Type out every line of the data again, exactly.
Segment Start: EXERCISE INPUT
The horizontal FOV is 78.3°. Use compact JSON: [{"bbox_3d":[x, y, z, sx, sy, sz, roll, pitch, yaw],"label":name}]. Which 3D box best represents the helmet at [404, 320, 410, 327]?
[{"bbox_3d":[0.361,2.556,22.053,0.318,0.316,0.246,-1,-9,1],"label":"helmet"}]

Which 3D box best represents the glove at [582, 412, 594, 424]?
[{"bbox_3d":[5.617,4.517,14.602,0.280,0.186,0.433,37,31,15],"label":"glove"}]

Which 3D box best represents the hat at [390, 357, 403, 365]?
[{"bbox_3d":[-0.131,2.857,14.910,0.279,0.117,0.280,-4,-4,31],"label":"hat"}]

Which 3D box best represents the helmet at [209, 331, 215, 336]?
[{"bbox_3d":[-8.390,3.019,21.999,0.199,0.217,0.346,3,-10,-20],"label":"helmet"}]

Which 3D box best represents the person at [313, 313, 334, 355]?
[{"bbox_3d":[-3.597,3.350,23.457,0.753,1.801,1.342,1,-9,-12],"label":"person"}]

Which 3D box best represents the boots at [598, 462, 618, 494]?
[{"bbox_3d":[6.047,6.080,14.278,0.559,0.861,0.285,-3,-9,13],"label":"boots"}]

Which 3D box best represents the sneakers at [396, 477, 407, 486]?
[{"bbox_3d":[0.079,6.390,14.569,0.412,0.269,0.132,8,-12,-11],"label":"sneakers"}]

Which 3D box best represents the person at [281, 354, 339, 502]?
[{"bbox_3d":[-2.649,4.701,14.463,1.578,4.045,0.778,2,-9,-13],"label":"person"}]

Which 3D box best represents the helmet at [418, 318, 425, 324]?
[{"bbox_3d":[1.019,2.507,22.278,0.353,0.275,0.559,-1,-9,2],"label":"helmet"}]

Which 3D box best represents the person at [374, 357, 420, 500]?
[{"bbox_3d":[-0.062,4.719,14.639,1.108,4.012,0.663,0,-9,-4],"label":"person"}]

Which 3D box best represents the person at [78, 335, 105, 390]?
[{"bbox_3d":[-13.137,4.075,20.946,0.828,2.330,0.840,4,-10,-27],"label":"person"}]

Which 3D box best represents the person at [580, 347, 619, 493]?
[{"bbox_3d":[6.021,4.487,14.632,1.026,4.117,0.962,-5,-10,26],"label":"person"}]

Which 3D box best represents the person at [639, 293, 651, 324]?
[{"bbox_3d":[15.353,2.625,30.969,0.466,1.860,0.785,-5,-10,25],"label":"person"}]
Segment End: EXERCISE INPUT
**PROBLEM SOLUTION:**
The horizontal FOV is 78.3°. Use compact JSON: [{"bbox_3d":[x, y, z, sx, sy, sz, roll, pitch, yaw],"label":name}]. Which 3D box best represents the helmet at [404, 320, 410, 327]?
[{"bbox_3d":[0.361,2.556,22.053,0.318,0.316,0.246,-1,-9,1],"label":"helmet"}]

Which 3D box best represents the glove at [582, 412, 594, 424]?
[{"bbox_3d":[5.617,4.517,14.602,0.280,0.186,0.433,37,31,15],"label":"glove"}]

Which 3D box best represents the hat at [390, 357, 403, 365]?
[{"bbox_3d":[-0.131,2.857,14.910,0.279,0.117,0.280,-4,-4,31],"label":"hat"}]

Which 3D box best represents the helmet at [209, 331, 215, 336]?
[{"bbox_3d":[-8.390,3.019,21.999,0.199,0.217,0.346,3,-10,-20],"label":"helmet"}]

Which 3D box best represents the person at [313, 313, 334, 355]?
[{"bbox_3d":[-3.597,3.350,23.457,0.753,1.801,1.342,1,-9,-12],"label":"person"}]

Which 3D box best represents the boots at [598, 462, 618, 494]?
[{"bbox_3d":[6.047,6.080,14.278,0.559,0.861,0.285,-3,-9,13],"label":"boots"}]

Which 3D box best represents the sneakers at [396, 477, 407, 486]?
[{"bbox_3d":[0.079,6.390,14.569,0.412,0.269,0.132,8,-12,-11],"label":"sneakers"}]

Which 3D box best represents the person at [281, 354, 339, 502]?
[{"bbox_3d":[-2.649,4.701,14.463,1.578,4.045,0.778,2,-9,-13],"label":"person"}]

Which 3D box best represents the helmet at [418, 318, 425, 324]?
[{"bbox_3d":[1.019,2.507,22.278,0.353,0.275,0.559,-1,-9,2],"label":"helmet"}]

Which 3D box best represents the person at [374, 357, 420, 500]?
[{"bbox_3d":[-0.062,4.719,14.639,1.108,4.012,0.663,0,-9,-4],"label":"person"}]

Which 3D box best represents the person at [78, 335, 105, 390]?
[{"bbox_3d":[-13.137,4.075,20.946,0.828,2.330,0.840,4,-10,-27],"label":"person"}]

Which 3D box best represents the person at [580, 347, 619, 493]?
[{"bbox_3d":[6.021,4.487,14.632,1.026,4.117,0.962,-5,-10,26],"label":"person"}]

Which 3D box best represents the person at [639, 293, 651, 324]?
[{"bbox_3d":[15.353,2.625,30.969,0.466,1.860,0.785,-5,-10,25],"label":"person"}]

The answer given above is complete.